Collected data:

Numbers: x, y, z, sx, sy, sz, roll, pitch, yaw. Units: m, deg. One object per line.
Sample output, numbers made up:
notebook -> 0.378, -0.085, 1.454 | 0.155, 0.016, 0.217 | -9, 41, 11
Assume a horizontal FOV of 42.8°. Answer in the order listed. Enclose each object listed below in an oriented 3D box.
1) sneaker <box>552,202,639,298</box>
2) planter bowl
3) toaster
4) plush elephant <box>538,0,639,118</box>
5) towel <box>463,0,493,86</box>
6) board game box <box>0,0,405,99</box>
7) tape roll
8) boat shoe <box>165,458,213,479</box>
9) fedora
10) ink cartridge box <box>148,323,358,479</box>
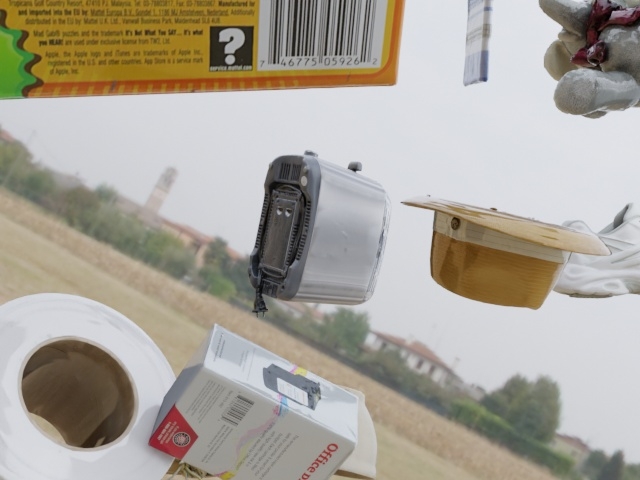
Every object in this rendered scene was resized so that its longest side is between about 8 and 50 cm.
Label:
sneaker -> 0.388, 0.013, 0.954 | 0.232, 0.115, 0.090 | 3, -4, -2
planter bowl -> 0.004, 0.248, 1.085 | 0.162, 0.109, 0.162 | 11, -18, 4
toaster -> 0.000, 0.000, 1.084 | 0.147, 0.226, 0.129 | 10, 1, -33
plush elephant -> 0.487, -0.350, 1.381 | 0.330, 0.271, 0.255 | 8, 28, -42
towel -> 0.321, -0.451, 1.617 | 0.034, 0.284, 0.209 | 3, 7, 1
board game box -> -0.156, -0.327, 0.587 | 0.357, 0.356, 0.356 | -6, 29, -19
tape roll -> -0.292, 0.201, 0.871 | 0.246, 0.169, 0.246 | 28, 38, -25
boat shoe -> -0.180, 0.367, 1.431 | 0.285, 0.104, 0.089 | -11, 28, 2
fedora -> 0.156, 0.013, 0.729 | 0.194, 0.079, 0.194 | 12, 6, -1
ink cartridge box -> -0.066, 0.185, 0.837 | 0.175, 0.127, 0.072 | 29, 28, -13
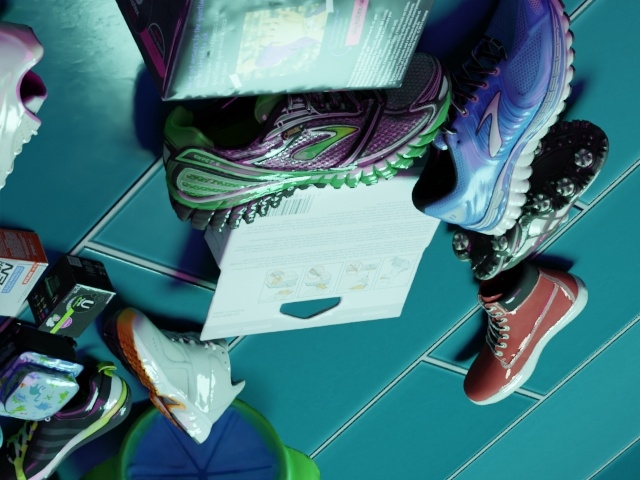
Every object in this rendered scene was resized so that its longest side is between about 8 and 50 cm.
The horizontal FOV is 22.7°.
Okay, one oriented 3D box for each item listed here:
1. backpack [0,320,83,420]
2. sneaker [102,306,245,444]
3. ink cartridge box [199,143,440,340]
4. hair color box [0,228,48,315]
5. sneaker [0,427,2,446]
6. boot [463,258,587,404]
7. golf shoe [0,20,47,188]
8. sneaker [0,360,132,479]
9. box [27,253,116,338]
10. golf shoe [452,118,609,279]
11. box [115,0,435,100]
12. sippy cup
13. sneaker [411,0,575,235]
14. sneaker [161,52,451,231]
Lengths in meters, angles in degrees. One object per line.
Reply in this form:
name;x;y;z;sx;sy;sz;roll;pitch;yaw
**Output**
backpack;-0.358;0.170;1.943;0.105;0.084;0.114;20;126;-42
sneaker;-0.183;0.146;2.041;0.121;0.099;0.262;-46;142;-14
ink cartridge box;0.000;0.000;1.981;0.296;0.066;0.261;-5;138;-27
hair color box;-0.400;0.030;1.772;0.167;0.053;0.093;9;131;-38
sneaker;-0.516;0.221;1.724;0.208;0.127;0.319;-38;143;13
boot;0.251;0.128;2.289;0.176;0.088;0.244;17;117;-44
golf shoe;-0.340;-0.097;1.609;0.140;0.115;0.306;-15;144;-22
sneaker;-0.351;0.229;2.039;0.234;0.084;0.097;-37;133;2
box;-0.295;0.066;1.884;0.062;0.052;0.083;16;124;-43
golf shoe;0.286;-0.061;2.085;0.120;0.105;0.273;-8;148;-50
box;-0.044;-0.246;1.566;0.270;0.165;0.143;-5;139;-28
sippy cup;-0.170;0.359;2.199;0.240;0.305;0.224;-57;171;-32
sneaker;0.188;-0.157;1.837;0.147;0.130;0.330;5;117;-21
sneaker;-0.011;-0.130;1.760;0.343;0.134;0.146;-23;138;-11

→ TASK ITEM:
Leave every picture out and output the records exactly.

→ RESPONSE:
Numbers: x, y, z, sx, sy, sz, roll, pitch, yaw. Units: m, deg. One object per line.
Sample output, numbers made up:
notebook -> 0.378, -0.085, 1.454 | 0.155, 0.016, 0.217 | -9, 41, 11
Assume a horizontal FOV of 42.8°. Answer in the order listed. Enclose each object listed below in an oriented 3D box.
1) sneaker <box>552,202,639,298</box>
2) planter bowl
3) toaster
4) plush elephant <box>538,0,639,118</box>
5) towel <box>463,0,493,86</box>
6) board game box <box>0,0,405,99</box>
7) tape roll
8) boat shoe <box>165,458,213,479</box>
9) fedora
10) ink cartridge box <box>148,323,358,479</box>
Every object in this rendered scene was resized so that its longest side is between about 8 and 50 cm.
Label:
sneaker -> 0.388, 0.013, 0.954 | 0.232, 0.115, 0.090 | 3, -4, -2
planter bowl -> 0.004, 0.248, 1.085 | 0.162, 0.109, 0.162 | 11, -18, 4
toaster -> 0.000, 0.000, 1.084 | 0.147, 0.226, 0.129 | 10, 1, -33
plush elephant -> 0.487, -0.350, 1.381 | 0.330, 0.271, 0.255 | 8, 28, -42
towel -> 0.321, -0.451, 1.617 | 0.034, 0.284, 0.209 | 3, 7, 1
board game box -> -0.156, -0.327, 0.587 | 0.357, 0.356, 0.356 | -6, 29, -19
tape roll -> -0.292, 0.201, 0.871 | 0.246, 0.169, 0.246 | 28, 38, -25
boat shoe -> -0.180, 0.367, 1.431 | 0.285, 0.104, 0.089 | -11, 28, 2
fedora -> 0.156, 0.013, 0.729 | 0.194, 0.079, 0.194 | 12, 6, -1
ink cartridge box -> -0.066, 0.185, 0.837 | 0.175, 0.127, 0.072 | 29, 28, -13
Every object in this rendered scene was resized so that its longest side is between about 8 and 50 cm.
The horizontal FOV is 22.7°.
Okay, one oriented 3D box for each item listed here:
1. backpack [0,320,83,420]
2. sneaker [102,306,245,444]
3. ink cartridge box [199,143,440,340]
4. hair color box [0,228,48,315]
5. sneaker [0,427,2,446]
6. boot [463,258,587,404]
7. golf shoe [0,20,47,188]
8. sneaker [0,360,132,479]
9. box [27,253,116,338]
10. golf shoe [452,118,609,279]
11. box [115,0,435,100]
12. sippy cup
13. sneaker [411,0,575,235]
14. sneaker [161,52,451,231]
Lengths in meters, angles in degrees. One object per line.
Reply in this form:
name;x;y;z;sx;sy;sz;roll;pitch;yaw
**Output**
backpack;-0.358;0.170;1.943;0.105;0.084;0.114;20;126;-42
sneaker;-0.183;0.146;2.041;0.121;0.099;0.262;-46;142;-14
ink cartridge box;0.000;0.000;1.981;0.296;0.066;0.261;-5;138;-27
hair color box;-0.400;0.030;1.772;0.167;0.053;0.093;9;131;-38
sneaker;-0.516;0.221;1.724;0.208;0.127;0.319;-38;143;13
boot;0.251;0.128;2.289;0.176;0.088;0.244;17;117;-44
golf shoe;-0.340;-0.097;1.609;0.140;0.115;0.306;-15;144;-22
sneaker;-0.351;0.229;2.039;0.234;0.084;0.097;-37;133;2
box;-0.295;0.066;1.884;0.062;0.052;0.083;16;124;-43
golf shoe;0.286;-0.061;2.085;0.120;0.105;0.273;-8;148;-50
box;-0.044;-0.246;1.566;0.270;0.165;0.143;-5;139;-28
sippy cup;-0.170;0.359;2.199;0.240;0.305;0.224;-57;171;-32
sneaker;0.188;-0.157;1.837;0.147;0.130;0.330;5;117;-21
sneaker;-0.011;-0.130;1.760;0.343;0.134;0.146;-23;138;-11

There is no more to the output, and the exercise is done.